START Data supplied

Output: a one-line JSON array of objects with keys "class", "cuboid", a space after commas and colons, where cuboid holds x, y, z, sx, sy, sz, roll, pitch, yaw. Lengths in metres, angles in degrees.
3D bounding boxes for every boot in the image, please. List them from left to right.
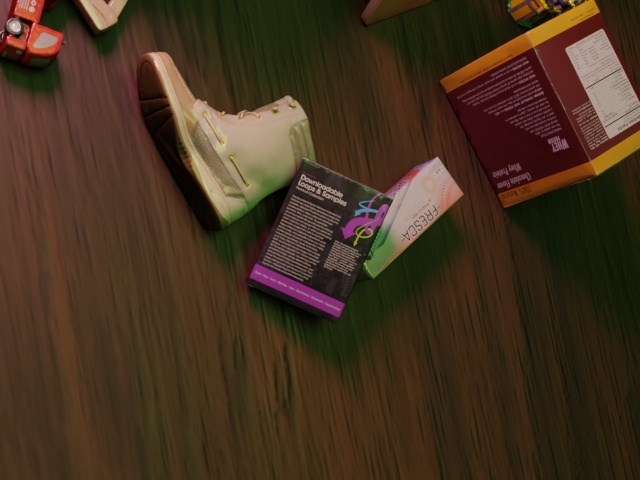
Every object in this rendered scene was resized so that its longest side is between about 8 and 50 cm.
[{"class": "boot", "cuboid": [-0.104, -0.138, 1.203, 0.165, 0.077, 0.213, -31, 102, -28]}]

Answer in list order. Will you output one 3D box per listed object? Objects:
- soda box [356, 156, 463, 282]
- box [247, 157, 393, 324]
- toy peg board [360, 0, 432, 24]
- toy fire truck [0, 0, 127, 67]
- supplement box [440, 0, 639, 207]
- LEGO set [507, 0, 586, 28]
[{"class": "soda box", "cuboid": [0.093, -0.025, 1.295, 0.183, 0.058, 0.063, -42, 100, -28]}, {"class": "box", "cuboid": [0.000, 0.000, 1.209, 0.116, 0.029, 0.162, 25, 93, -3]}, {"class": "toy peg board", "cuboid": [0.127, -0.372, 1.330, 0.160, 0.161, 0.079, -26, 78, -29]}, {"class": "toy fire truck", "cuboid": [-0.271, -0.272, 1.159, 0.135, 0.047, 0.192, 17, 74, -25]}, {"class": "supplement box", "cuboid": [0.293, -0.171, 1.350, 0.129, 0.191, 0.194, -30, 94, -29]}, {"class": "LEGO set", "cuboid": [0.362, -0.467, 1.442, 0.331, 0.192, 0.255, -33, 96, -28]}]

END Data supplied

__What the task asks__
From the line holding "Answer in list" to the end of the listing, copy every line exactly, both ends included, and add nothing.

__Exercise result__
Answer in list order. Will you output one 3D box per listed object? Objects:
- soda box [356, 156, 463, 282]
- box [247, 157, 393, 324]
- toy peg board [360, 0, 432, 24]
- toy fire truck [0, 0, 127, 67]
- supplement box [440, 0, 639, 207]
- LEGO set [507, 0, 586, 28]
[{"class": "soda box", "cuboid": [0.093, -0.025, 1.295, 0.183, 0.058, 0.063, -42, 100, -28]}, {"class": "box", "cuboid": [0.000, 0.000, 1.209, 0.116, 0.029, 0.162, 25, 93, -3]}, {"class": "toy peg board", "cuboid": [0.127, -0.372, 1.330, 0.160, 0.161, 0.079, -26, 78, -29]}, {"class": "toy fire truck", "cuboid": [-0.271, -0.272, 1.159, 0.135, 0.047, 0.192, 17, 74, -25]}, {"class": "supplement box", "cuboid": [0.293, -0.171, 1.350, 0.129, 0.191, 0.194, -30, 94, -29]}, {"class": "LEGO set", "cuboid": [0.362, -0.467, 1.442, 0.331, 0.192, 0.255, -33, 96, -28]}]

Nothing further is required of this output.